Uyumsuz böcek tekniği (UBT) biyolojik mücadelede kullanılan başka bir tekniktir. Bu teknik ile birçok zararlı üzerinde çalişmalar yapılmıştır ve Wolbachia zararlı böceklerin kontrolü için potansiyel bir araç olarak dikkat çekmektedir [22] Bu tekniğin amacı; Wolbachia gibi simbiyontların neden olduğu sitoplazmik uyumsuzluğu kullanarak dişi böcekleri kısırlaştırma ve bunları doğaya salıvererek böceklerle mücadeleyi esas almaktadır.
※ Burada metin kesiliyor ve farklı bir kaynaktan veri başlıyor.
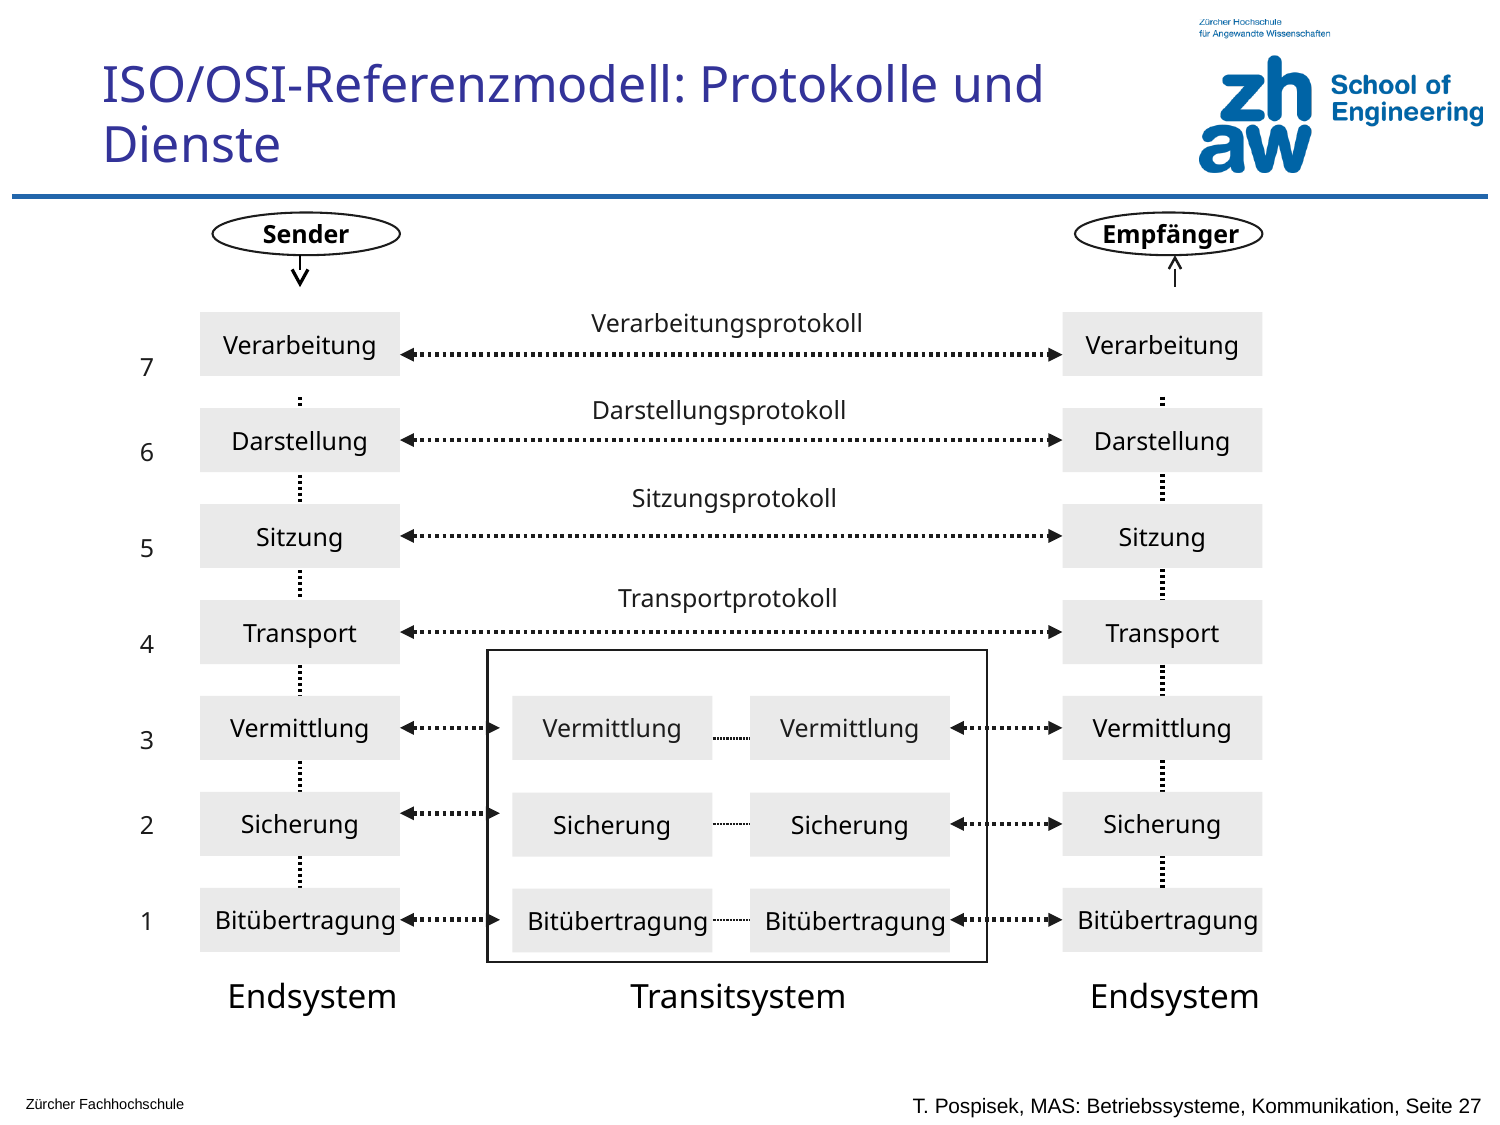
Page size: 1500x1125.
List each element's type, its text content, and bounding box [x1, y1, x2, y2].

text_box Sitzungsprotokoll [617, 474, 853, 520]
text_box Verarbeitung [200, 312, 400, 376]
text_box Transitsystem [615, 967, 862, 1023]
title ISO/OSI-Referenzmodell: Protokolle und Dienste [87, 42, 1170, 181]
text_box Verarbeitung [1062, 312, 1263, 376]
text_box Sicherung [512, 792, 713, 857]
text_box Endsystem [212, 967, 413, 1023]
text_box Sitzung [200, 504, 400, 568]
text_box Bitübertragung [200, 887, 400, 952]
text_box Bitübertragung [1062, 887, 1263, 952]
text_box Vermittlung [1062, 695, 1263, 760]
text_box Sicherung [200, 791, 400, 856]
text_box 1 [125, 898, 182, 944]
text_box 7 [125, 343, 182, 389]
text_box 5 [125, 525, 182, 571]
text_box Empfänger [1074, 212, 1263, 256]
text_box Sitzung [1062, 504, 1263, 568]
text_box Darstellungsprotokoll [577, 387, 863, 433]
text_box Vermittlung [512, 695, 713, 760]
text_box 4 [125, 621, 182, 667]
text_box Vermittlung [750, 695, 950, 760]
text_box 6 [125, 429, 182, 475]
text_box Bitübertragung [750, 888, 950, 953]
text_box 3 [125, 717, 182, 762]
text_box Transport [1062, 600, 1263, 665]
text_box Sicherung [1062, 791, 1263, 856]
text_box Sicherung [750, 792, 950, 857]
text_box Verarbeitungsprotokoll [576, 299, 879, 345]
text_box Darstellung [200, 408, 400, 473]
text_box Bitübertragung [512, 888, 713, 953]
text_box Transportprotokoll [603, 575, 854, 620]
text_box Darstellung [1062, 408, 1263, 473]
picture [1199, 19, 1483, 173]
text_box Vermittlung [200, 695, 400, 760]
text_box Sender [212, 212, 400, 256]
text_box 2 [125, 802, 182, 848]
text_box Transport [200, 600, 400, 665]
text_box Endsystem [1075, 967, 1276, 1023]
text_box [487, 649, 988, 963]

Salıverilmesi sonucunda Wolbachia paternal döllere aktarılamaz ve enfekteli böceklerle doğaya yerleşemez. Bu nedenle zararlı böceklerin popülasyonü baskı altına alınması için tekrar salıverilmesi gerekmektedır. Wolbachia bakteri türüne yaklaşık olarak böçeklerin % 20’sinde rastlanmaktadır [115]. Tarımsal zararlı böceklere karşı uygulanan uyumsuz böcek tekniği başarılı sonuçlar vermiştir. Depolanmış ürün zararlısı olan Cadra (Ephestia) cautella (Walker) ve Rhogaletis cerasi bu teknikle mücadelesinde başarılı olunan örneklerdir [70-72]. 48

Artropoda üyelerine ait üreme sistemlerinde simbiyont bakterilerin varlığı tesbit edilmiştir. Türkiye’de S. granarius’da Wolbachia varlığına dair herhangi bir bulğuya rastlanmamıştır. Uyumsuz böcek tekniği (UBT) kapsamında Wolbachia gibi reprodaktif simbiyontlar kullanılarak S. granarius’un zararını ekonomik düzeyin altına indirecek çalışmalar yapılabileceği düşünülmektedir. Bu çalışmamızda S. granarius’da ve parazitoiti L. distinguendus’un endosimbiyontlarının belirlenmiştir. Üremeyi etkileyenlerin başında ise Wolbachia sp., Rickettsia sp., Spiroplasma sp., Cardinium sp., Hamiltonella sp., Arsenophonus sp. gelmektedır. Bu bakterilerin gerek konakçısı ile ilişkisi gerekse bu ilişkinin konakçısı ile mücadele için kullanılabilmesi nedeniyle, son yıllarda önemli çalışmaların konusu olmuştur [15-17]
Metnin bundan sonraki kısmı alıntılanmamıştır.